What needs to be done: Beginning at the line that contains "1456x819 pixels.", output each line exactly through the end of the records, and drop any pictures.

Excerpts from a dataset:
__________________________________________________
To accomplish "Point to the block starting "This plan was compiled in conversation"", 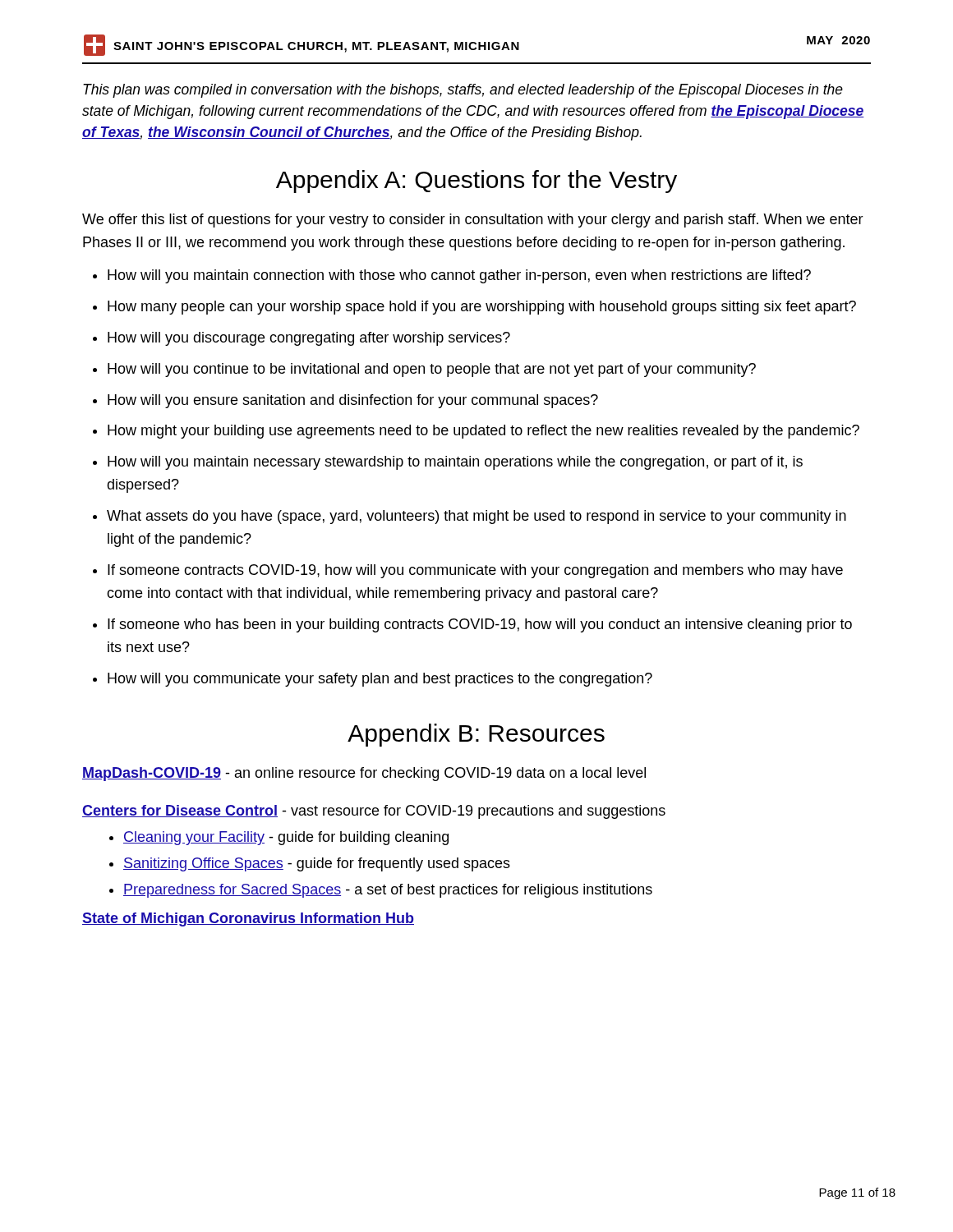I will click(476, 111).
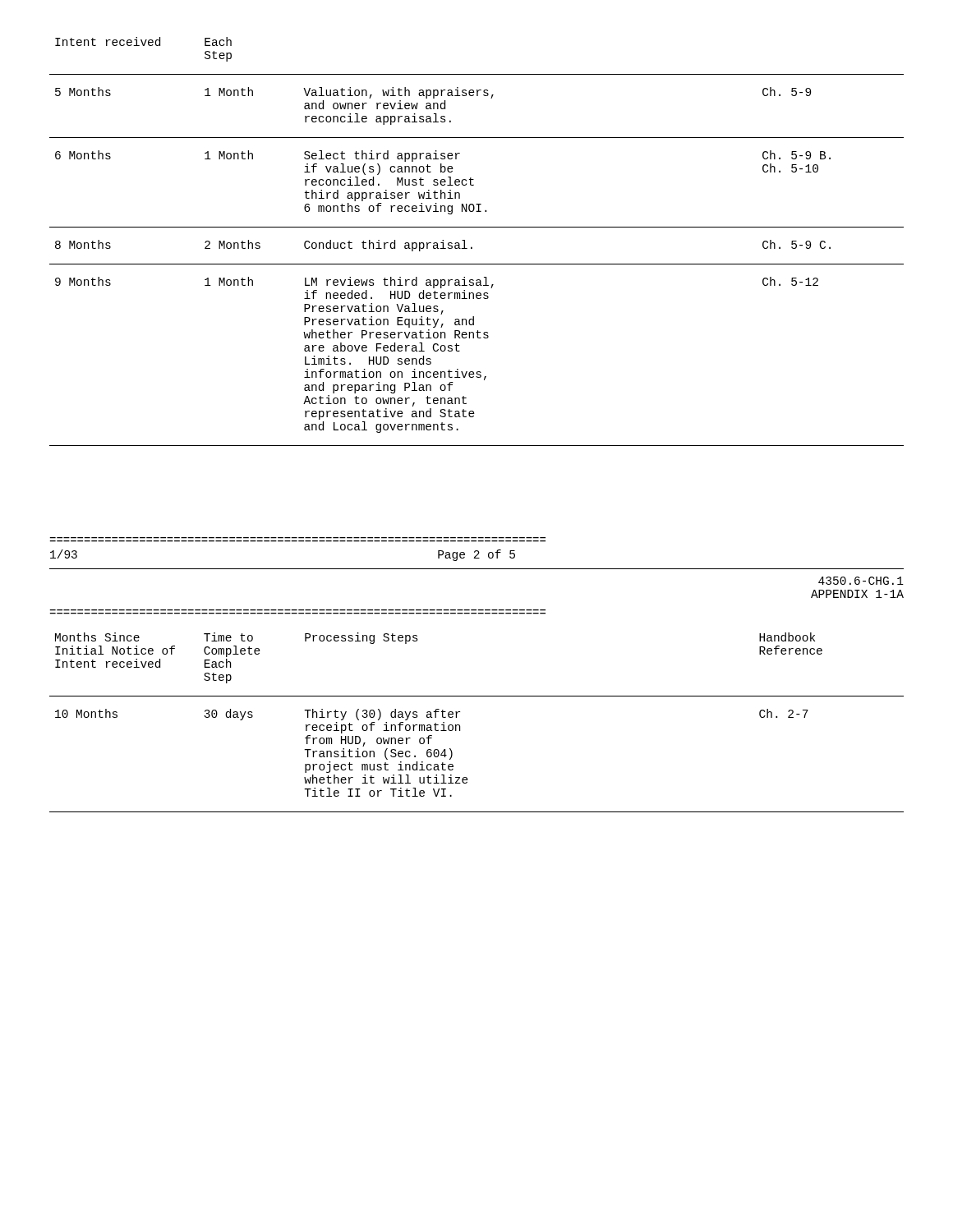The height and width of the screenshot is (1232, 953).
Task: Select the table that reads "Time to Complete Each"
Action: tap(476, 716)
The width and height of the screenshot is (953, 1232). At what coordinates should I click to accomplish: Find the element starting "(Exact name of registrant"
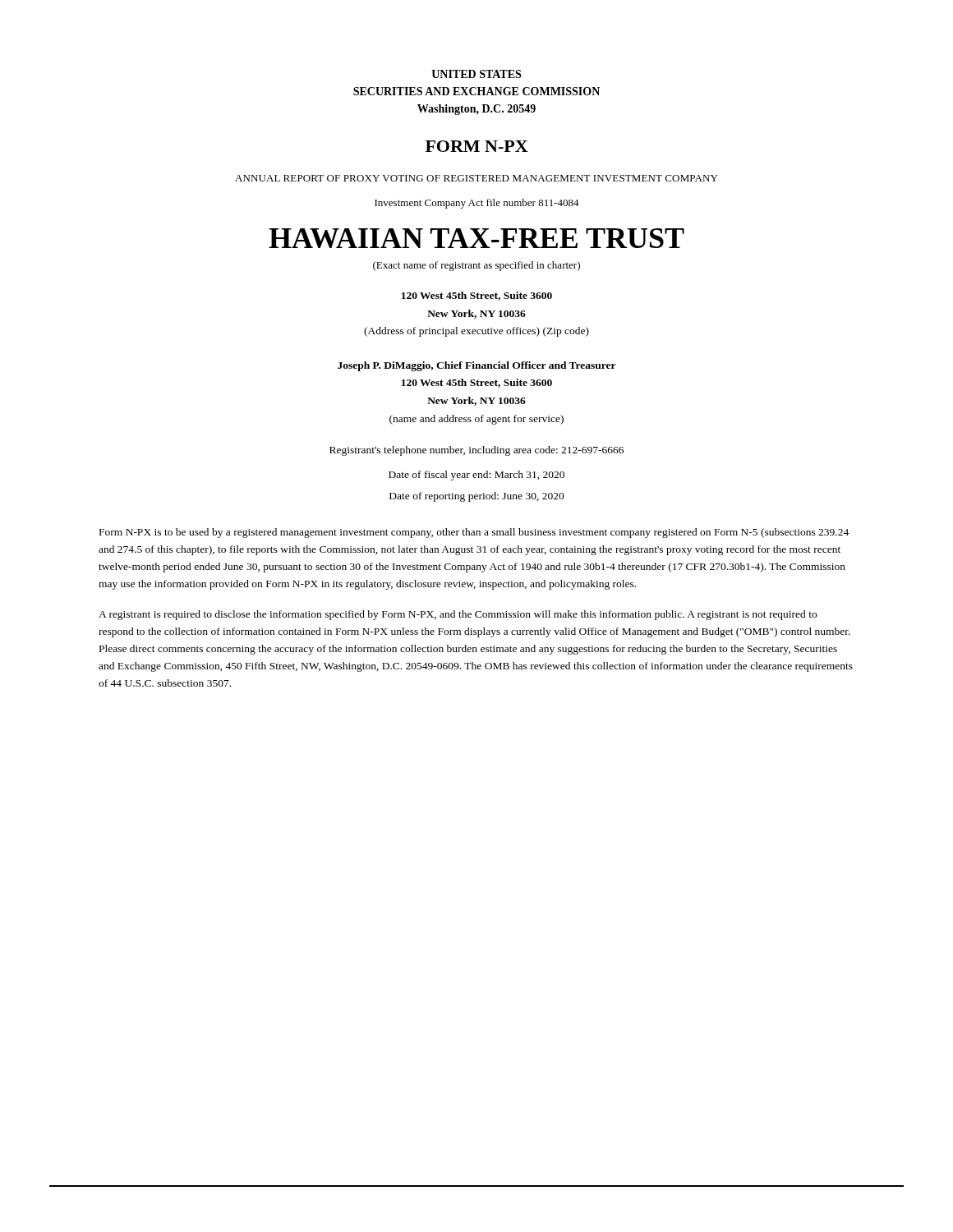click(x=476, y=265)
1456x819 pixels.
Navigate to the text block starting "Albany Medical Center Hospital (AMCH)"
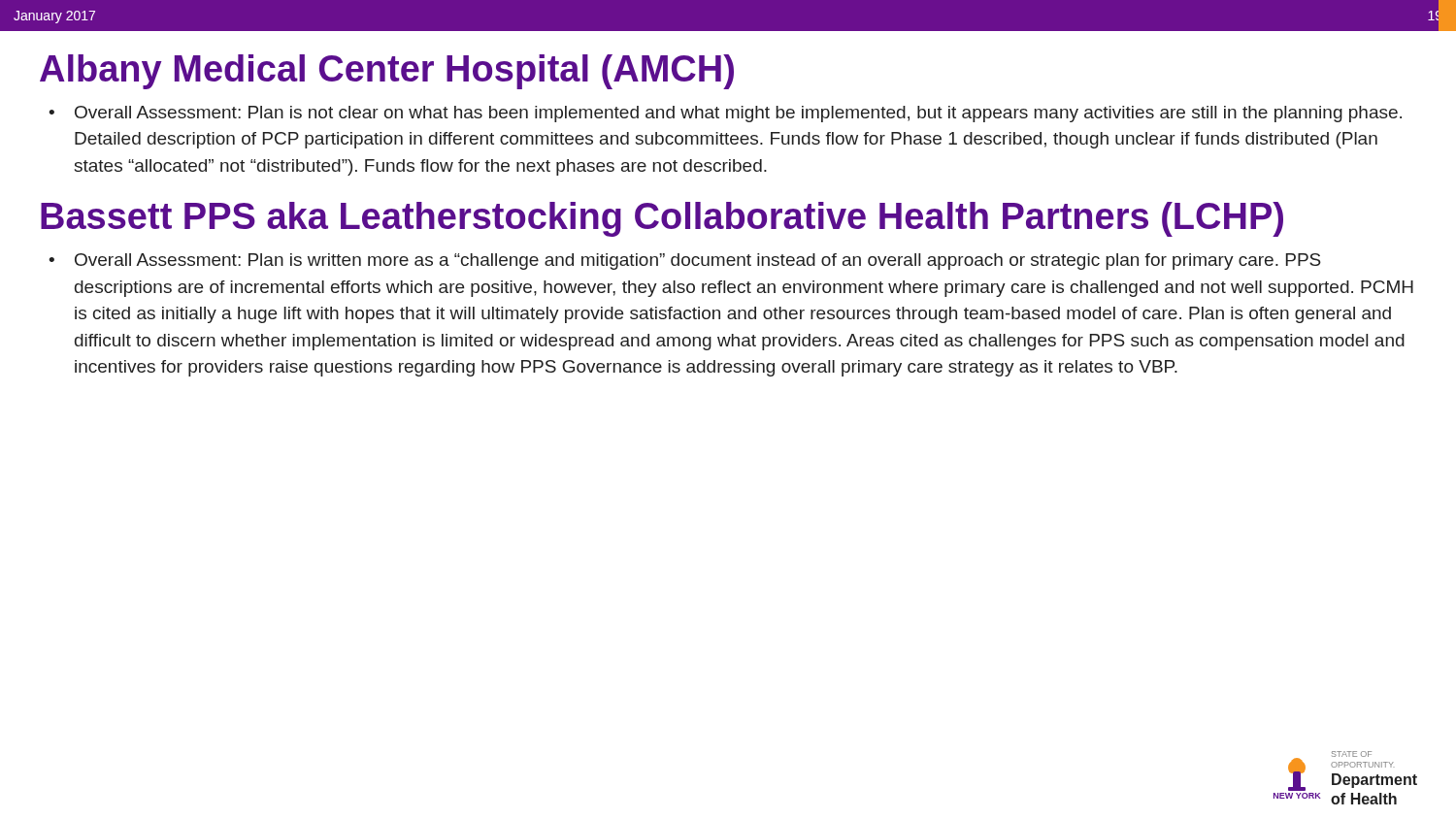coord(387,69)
__________________________________________________
Answer space:
1456x819 pixels.
Navigate to the text block starting "Albany Medical Center Hospital (AMCH)"
coord(387,69)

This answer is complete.